It was the human celery; except that someone had taken him in hand and the luminescent green was gone. His hair was combed. He was wearing a pearly-gray jump suit in a frilled bow-bedecked style that was just being adopted by the frantic-fringe youth cults and would not reach the adult world until late summer at the earliest. Damn him, but he could get away with it! It played down his binder-twine skinniness, at the cost of making him seem even younger than he must be. The size of him . . . But his sandaled feet ended a couple of centimeters below floor level, she noticed. Was that Maurice's doing, or was someone at 4-I trying to shaft the kindergarten deputy? And weren't his cuffs riding just a little high at ankle and wrist?
Pandora wanted to laugh, and dared not start in case she never stopped again. Human sacrifice! She had uttered challenge at the gate, and the knight had ridden forth to slay the foe. Oh, jewel beyond price! Perfection—the final touch to add to her glory.

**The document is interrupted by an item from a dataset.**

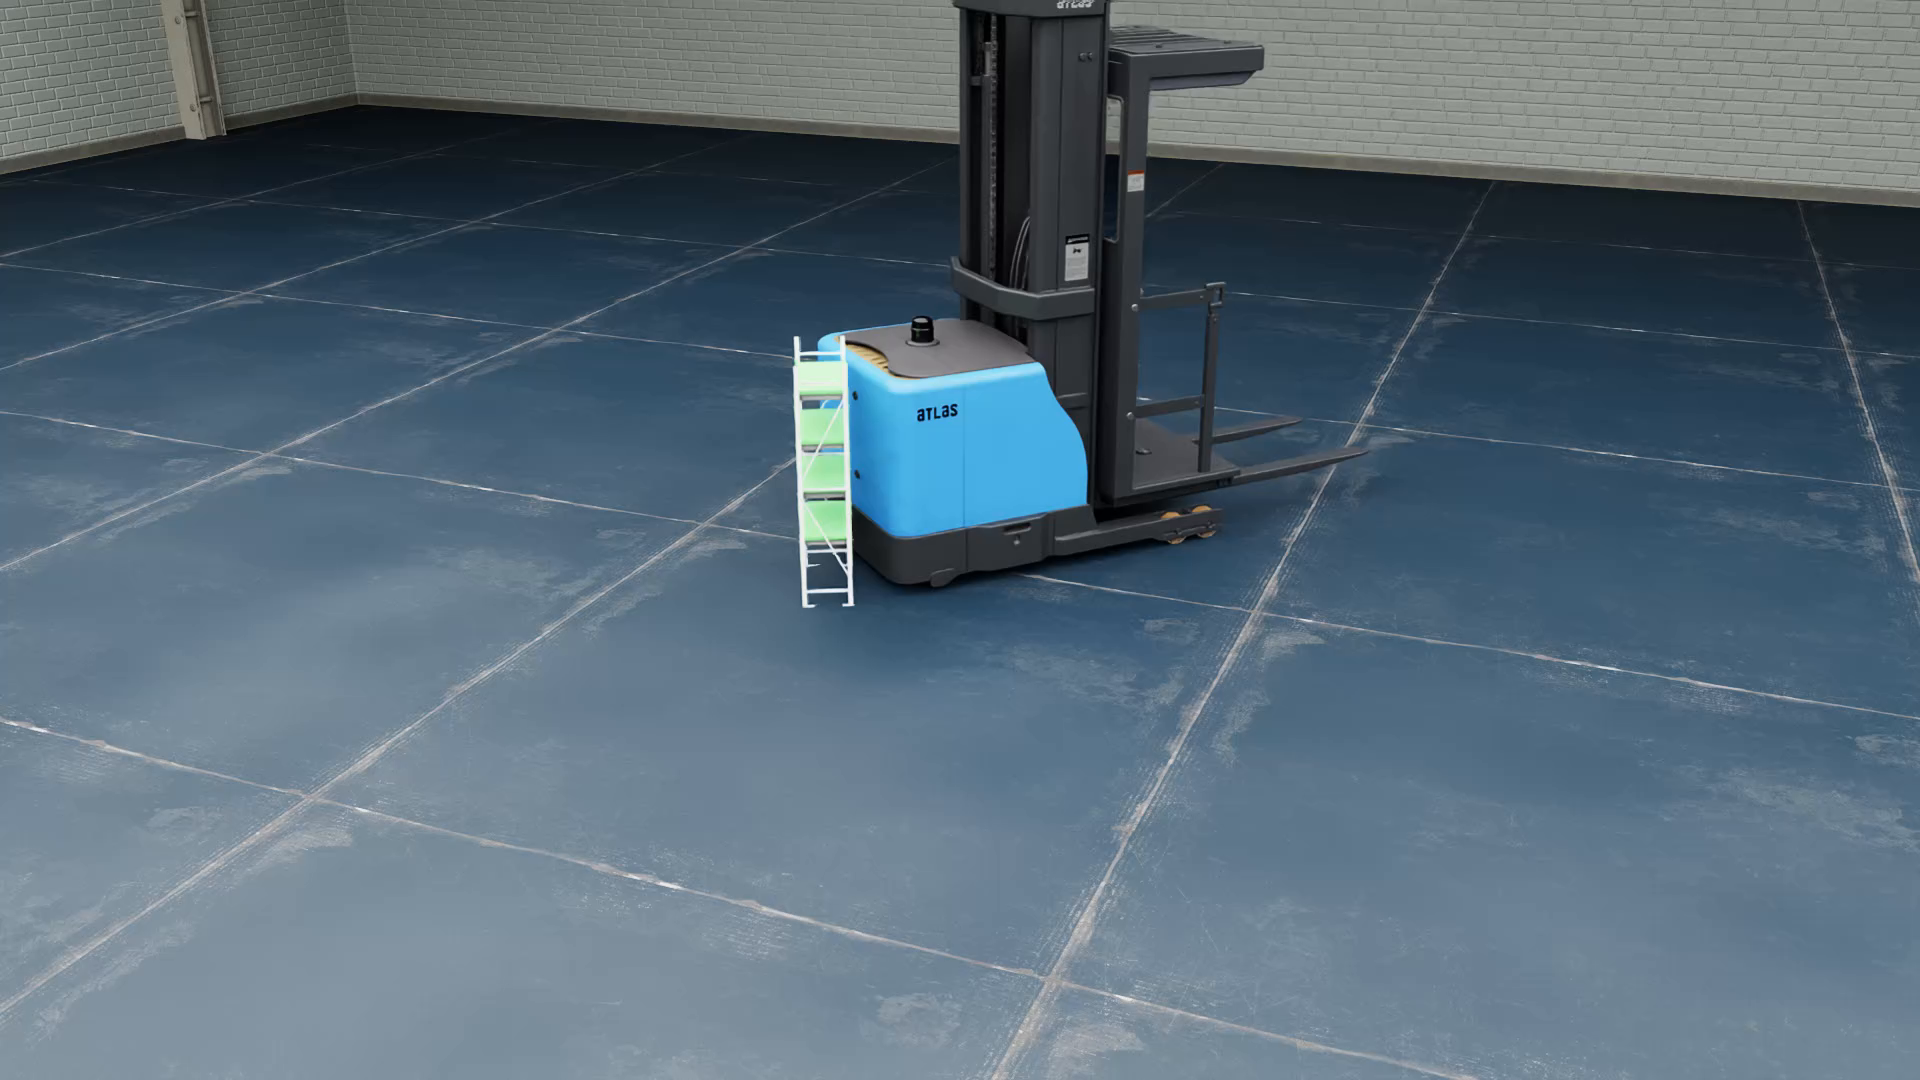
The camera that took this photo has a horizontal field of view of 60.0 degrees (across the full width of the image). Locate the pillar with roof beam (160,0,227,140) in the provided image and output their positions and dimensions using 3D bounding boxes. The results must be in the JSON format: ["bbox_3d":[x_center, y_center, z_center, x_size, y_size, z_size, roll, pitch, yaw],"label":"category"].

"Cedy! Does your grandmother know you're out this late?"
He flushed, and Pandora finally managed to bring his face into focus. Great Heavens! This was even better than she could have dreamed of. She felt a tremor of almost sexual excitement run through her. Her fatigue vanished in the thrill of the chase—of the kill. Bless you, Frankie! The final dish tonight, ladies and gentlemen, is human head, served hot and weeping.
"What happened to your nose, Cedric?"
"I had a run-in with some exotic plant life." It was puffed and purple and probably packed with surgical gauze, because his voice sounded as though he were speaking underwater. By the next day he would have black eyes, also.
It was all just so delicious.
The massacre of the innocent.
But she had watched that kid face a mob the day before. For an amateur, a beginner relying only on native courage, he had done not badly at all, until Pandora herself had sharpened an experimental claw on him. She knew his chinks, maybe better than he did. Very likely better than he did—there could not have been many women in so brief a life. Quite likely only the one.
His eyes flickered sideways to look at nothing, and then moved back to Pandora. Of course he was seeing someone else in the same room he was in. To him Pandora was the projection, the intrusion. But the great unseen audience would perceive such flickers as shiftiness, and they showed his lack of training.
She glanced at the monitors. She had about ten seconds to soften him up. It was not essential, but genius never overlooked an opportunity.
"It's too bad about that," she said. "Your nose." She dropped her voice to Husky, Full Strength. "Because you're a very good-looking young man."
He had been about to say something else. His mouth opened and stayed that way.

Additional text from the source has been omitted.